Instructions to follow >> When the line with "Object: the person (847, 199, 914, 382)." turns up below, begin repeating exactly, and carry on through the line with "2) person [888, 316, 939, 518]"; no pictures go into the copy.

== == ==

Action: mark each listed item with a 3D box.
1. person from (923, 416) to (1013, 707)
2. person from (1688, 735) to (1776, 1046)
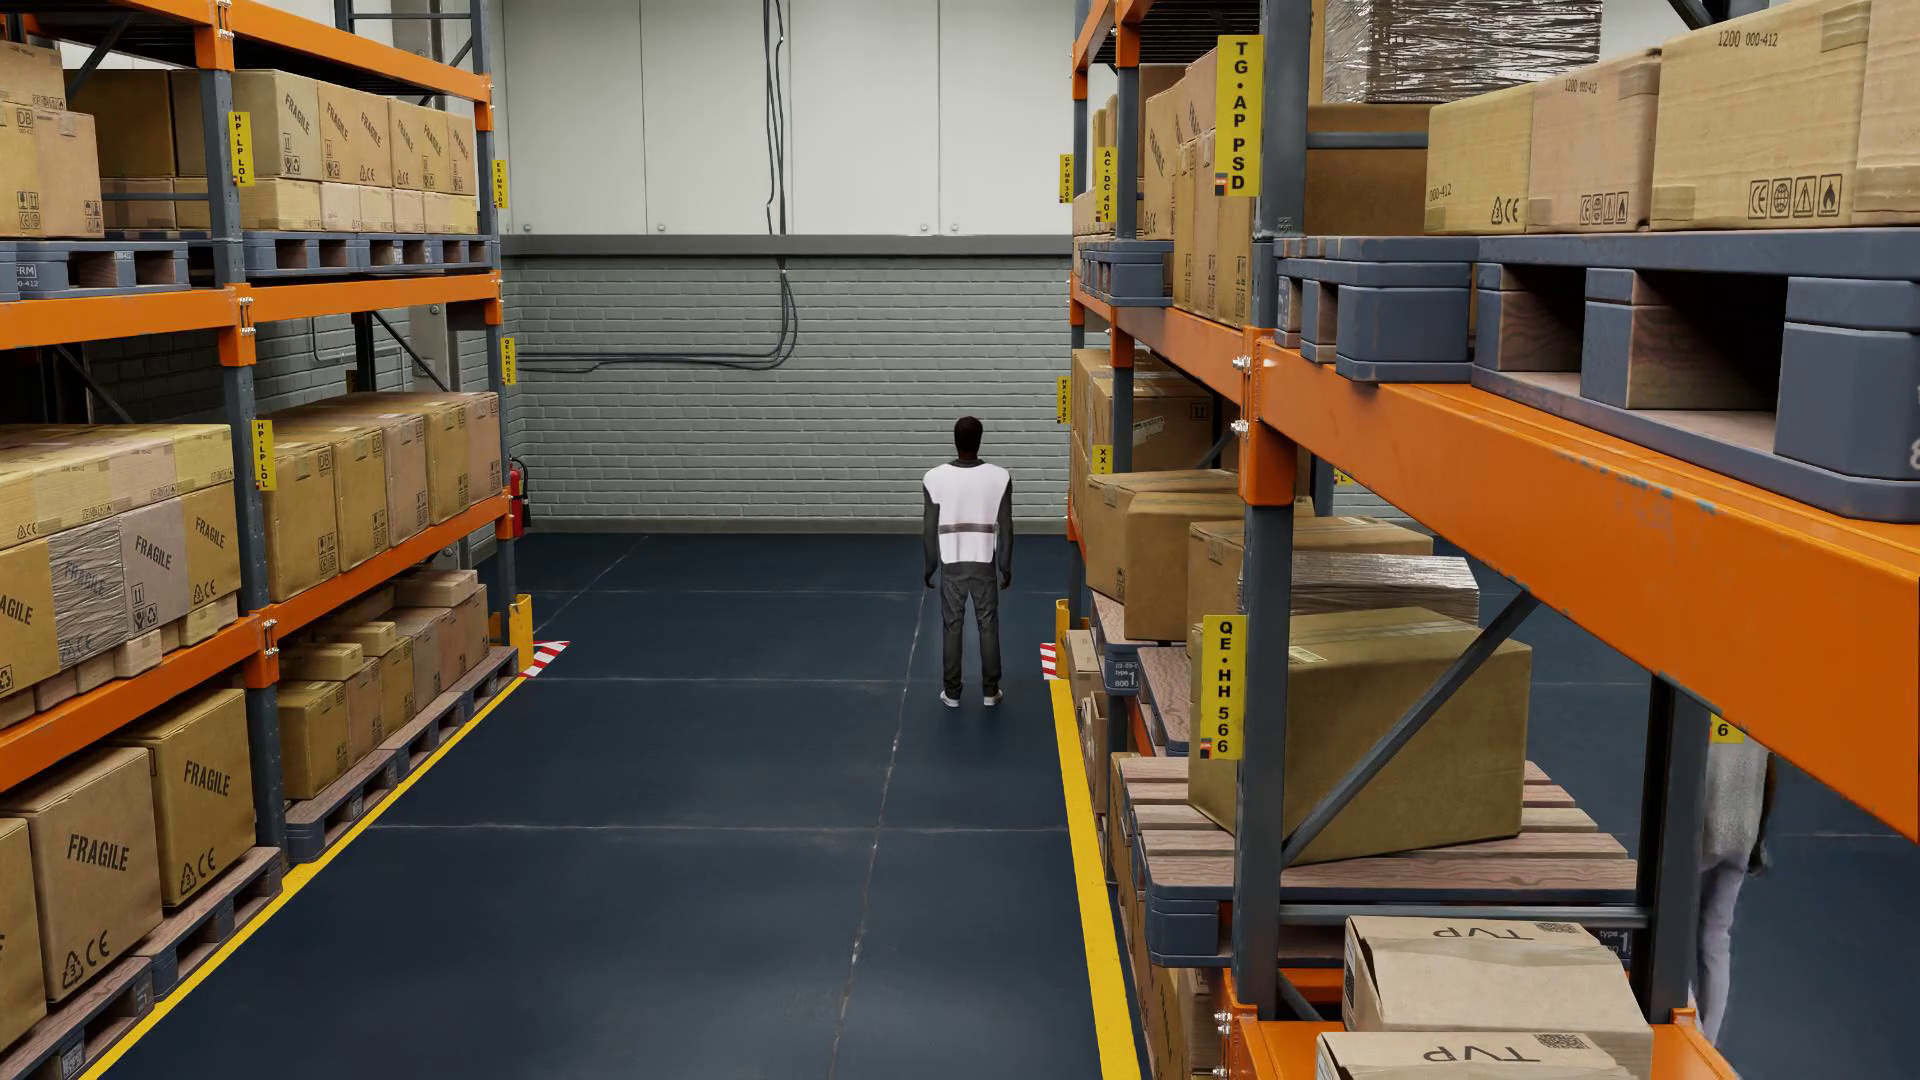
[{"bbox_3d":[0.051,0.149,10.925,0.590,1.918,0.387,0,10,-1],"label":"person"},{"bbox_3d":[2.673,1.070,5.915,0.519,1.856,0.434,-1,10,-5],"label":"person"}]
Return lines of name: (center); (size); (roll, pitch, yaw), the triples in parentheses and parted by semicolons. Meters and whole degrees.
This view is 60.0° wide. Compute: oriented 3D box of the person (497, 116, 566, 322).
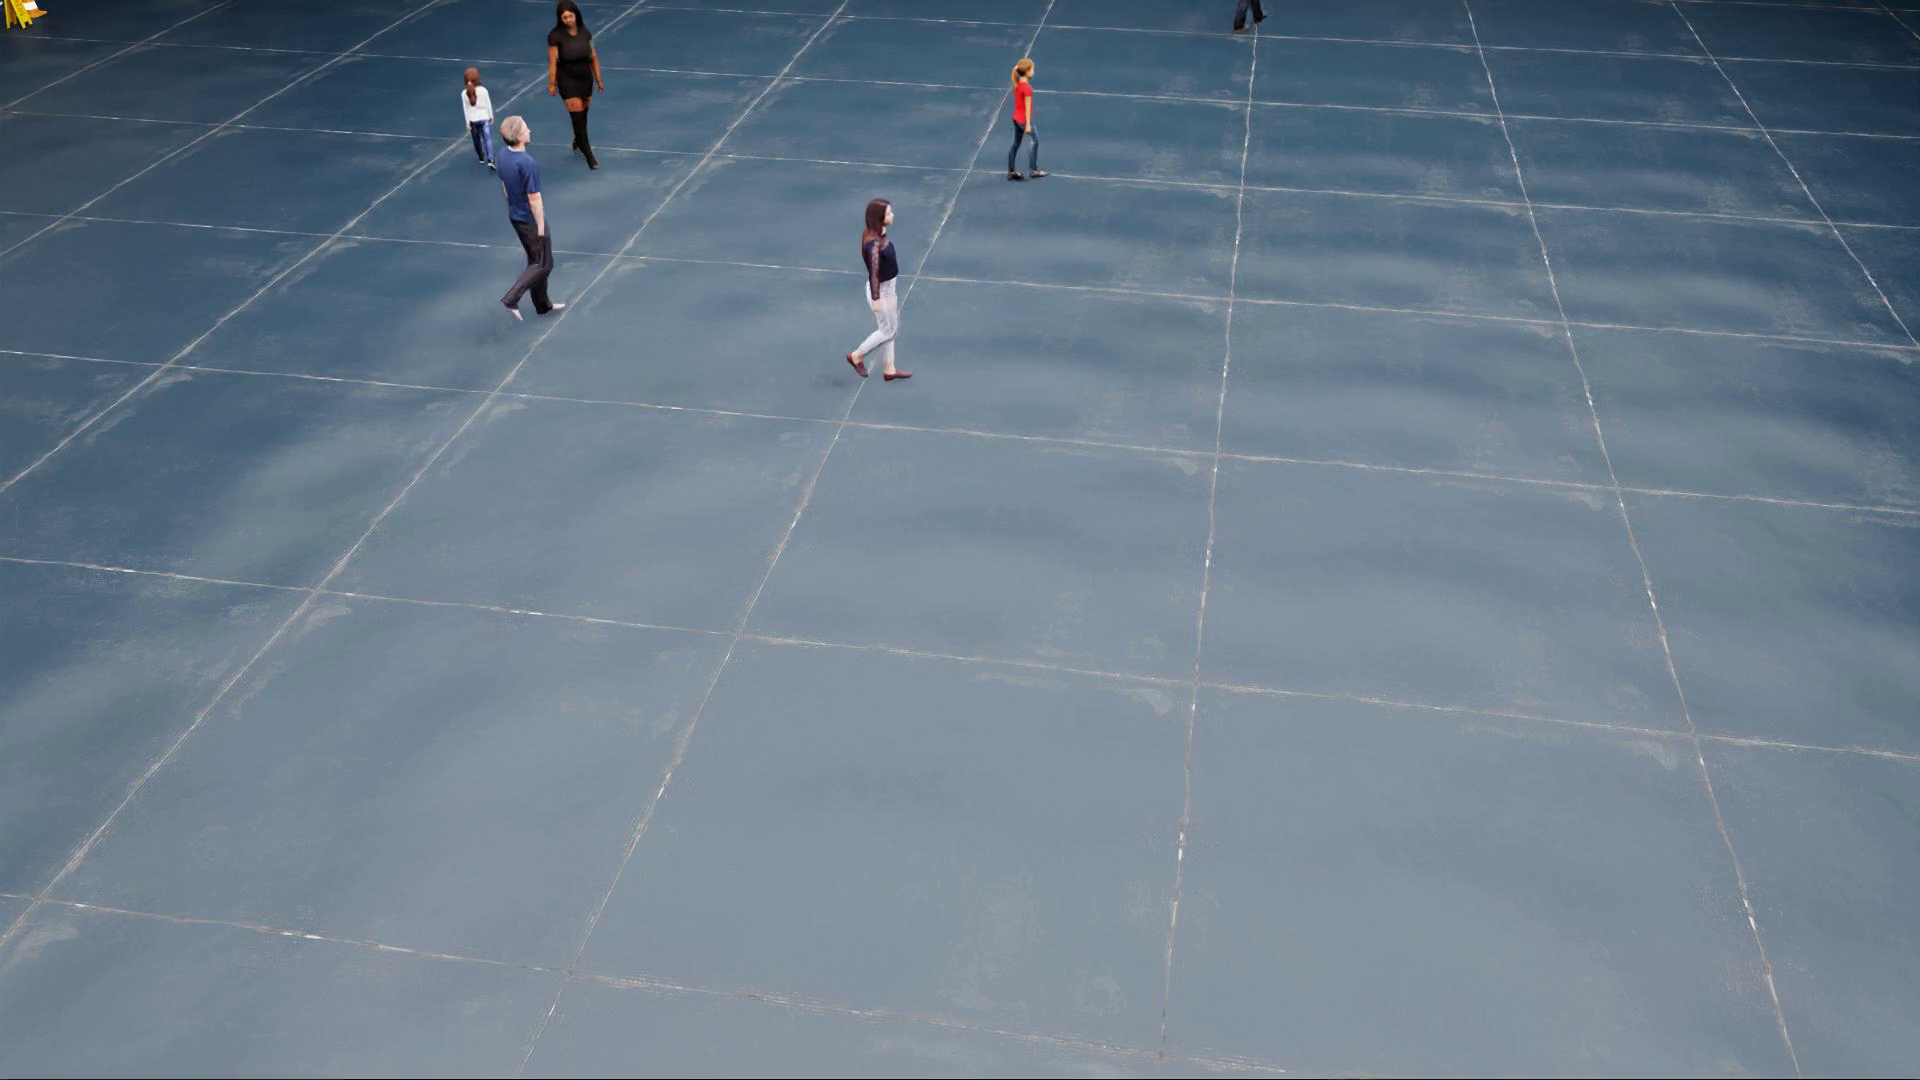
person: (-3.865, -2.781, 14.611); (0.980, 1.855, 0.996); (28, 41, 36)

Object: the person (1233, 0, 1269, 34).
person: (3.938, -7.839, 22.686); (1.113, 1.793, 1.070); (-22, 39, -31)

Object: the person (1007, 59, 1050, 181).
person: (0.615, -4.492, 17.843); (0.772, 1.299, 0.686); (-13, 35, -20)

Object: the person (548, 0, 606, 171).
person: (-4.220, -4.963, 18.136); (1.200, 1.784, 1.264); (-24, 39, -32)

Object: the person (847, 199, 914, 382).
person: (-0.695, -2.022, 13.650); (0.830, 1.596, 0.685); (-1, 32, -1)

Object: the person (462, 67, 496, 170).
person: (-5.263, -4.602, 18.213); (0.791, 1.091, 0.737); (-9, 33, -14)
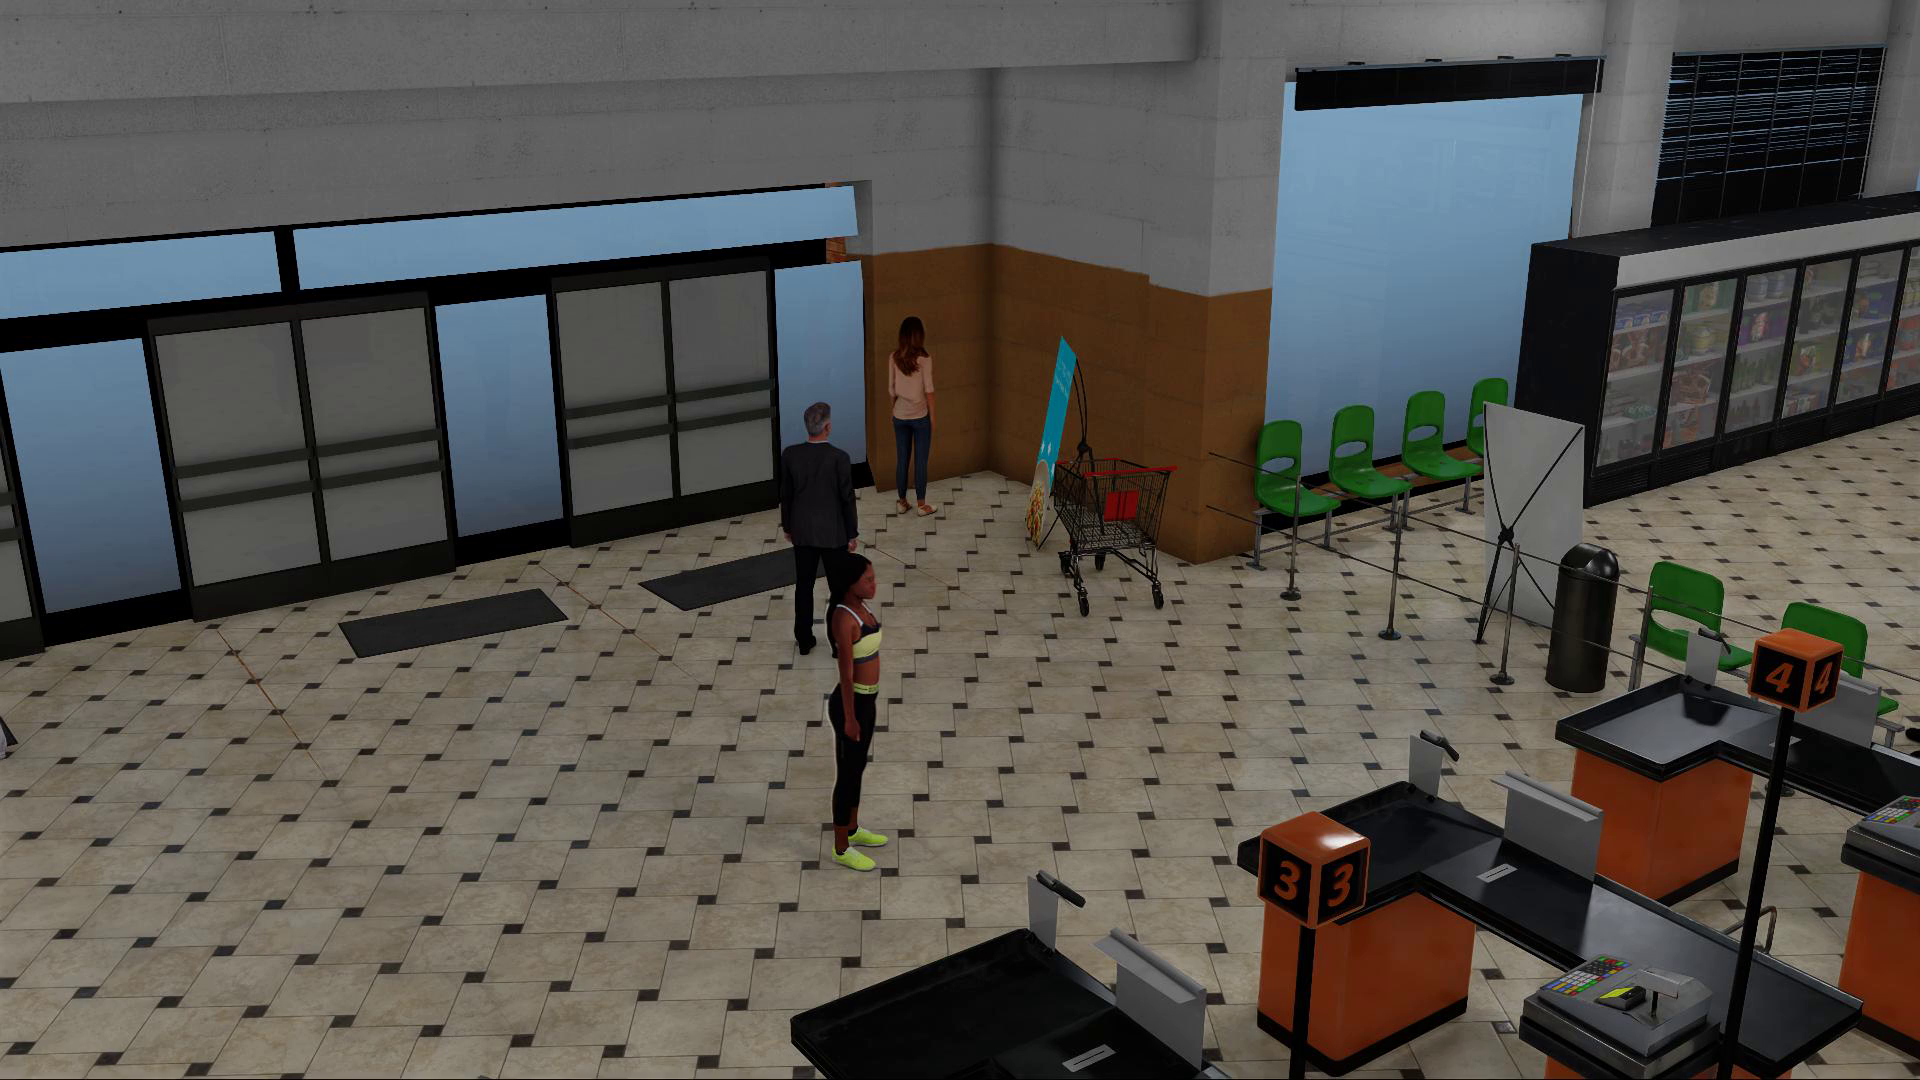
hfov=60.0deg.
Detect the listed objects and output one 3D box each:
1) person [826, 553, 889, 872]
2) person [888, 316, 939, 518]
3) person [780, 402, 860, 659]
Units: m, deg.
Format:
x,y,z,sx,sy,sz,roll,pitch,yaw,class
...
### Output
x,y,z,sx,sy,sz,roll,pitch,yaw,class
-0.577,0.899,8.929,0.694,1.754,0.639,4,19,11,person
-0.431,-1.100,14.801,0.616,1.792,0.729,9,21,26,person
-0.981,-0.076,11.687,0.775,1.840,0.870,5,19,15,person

== == ==

Response >>
Object: the person (847, 199, 914, 382).
person: (-0.695, -2.022, 13.650); (0.830, 1.596, 0.685); (-1, 32, -1)

Object: the person (462, 67, 496, 170).
person: (-5.263, -4.602, 18.213); (0.791, 1.091, 0.737); (-9, 33, -14)
hfov=60.0deg.
Detect the listed objects and output one 3D box each:
1) person [826, 553, 889, 872]
2) person [888, 316, 939, 518]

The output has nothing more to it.